━━ DATA FOR REVIEW

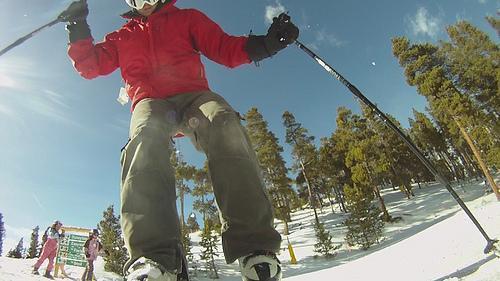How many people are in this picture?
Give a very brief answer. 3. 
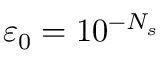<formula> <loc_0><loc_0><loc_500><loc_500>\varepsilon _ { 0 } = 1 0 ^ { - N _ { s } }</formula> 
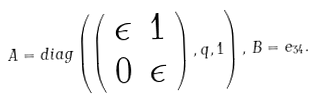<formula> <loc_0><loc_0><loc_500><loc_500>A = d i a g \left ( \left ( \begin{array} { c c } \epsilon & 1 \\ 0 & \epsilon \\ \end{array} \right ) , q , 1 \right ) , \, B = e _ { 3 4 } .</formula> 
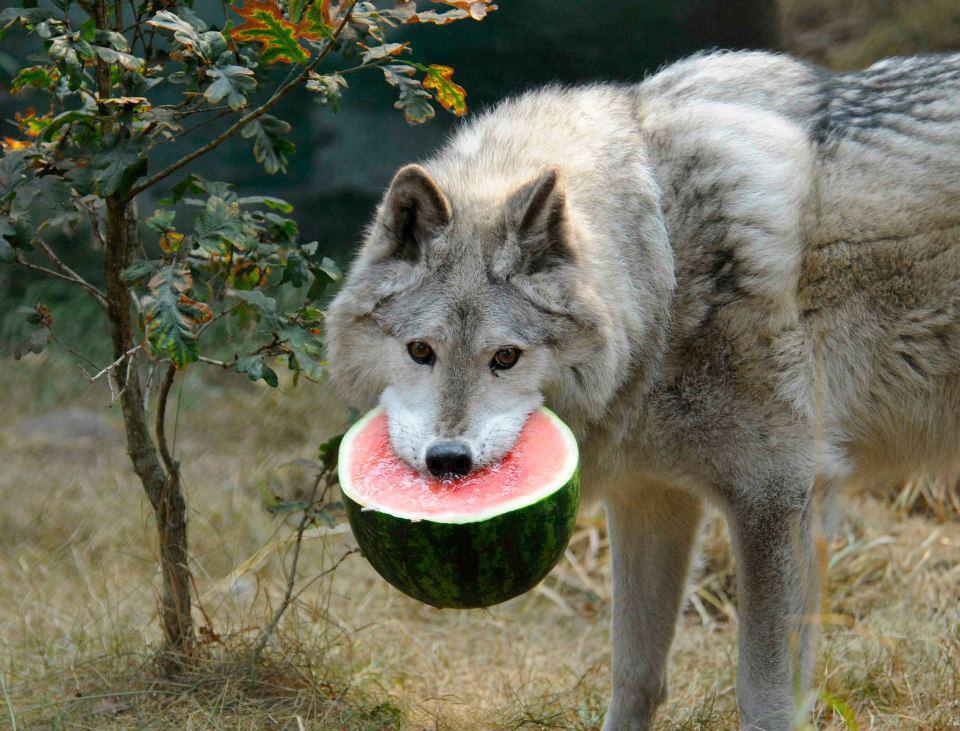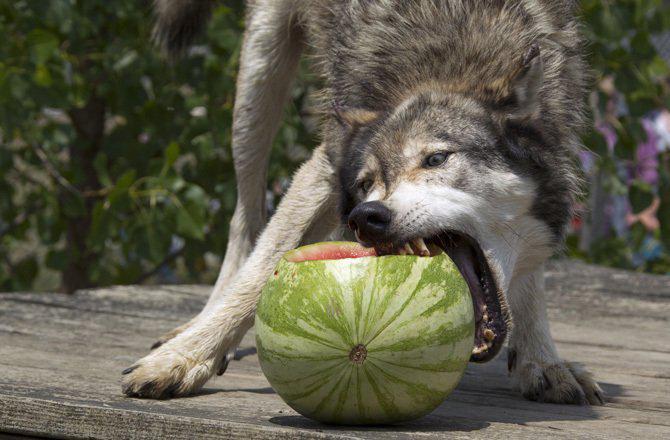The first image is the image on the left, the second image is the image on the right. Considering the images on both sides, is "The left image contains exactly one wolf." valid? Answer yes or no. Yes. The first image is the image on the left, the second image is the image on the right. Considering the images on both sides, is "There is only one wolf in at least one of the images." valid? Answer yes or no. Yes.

━━━━

> _WORK INSTRUCTIONS_: Everything from the first line of the records through the line containing "<formula> <loc_0><loc_0><loc_500><loc_500>A = d" should be reproduced exactly, apart from the pictures.

> _RESPONSE BOX_:
How many people are in this picture?
Give a very brief answer. 3. 
<formula> <loc_0><loc_0><loc_500><loc_500>\varepsilon _ { 0 } = 1 0 ^ { - N _ { s } }</formula> 
<formula> <loc_0><loc_0><loc_500><loc_500>A = d i a g \left ( \left ( \begin{array} { c c } \epsilon & 1 \\ 0 & \epsilon \\ \end{array} \right ) , q , 1 \right ) , \, B = e _ { 3 4 } .</formula> 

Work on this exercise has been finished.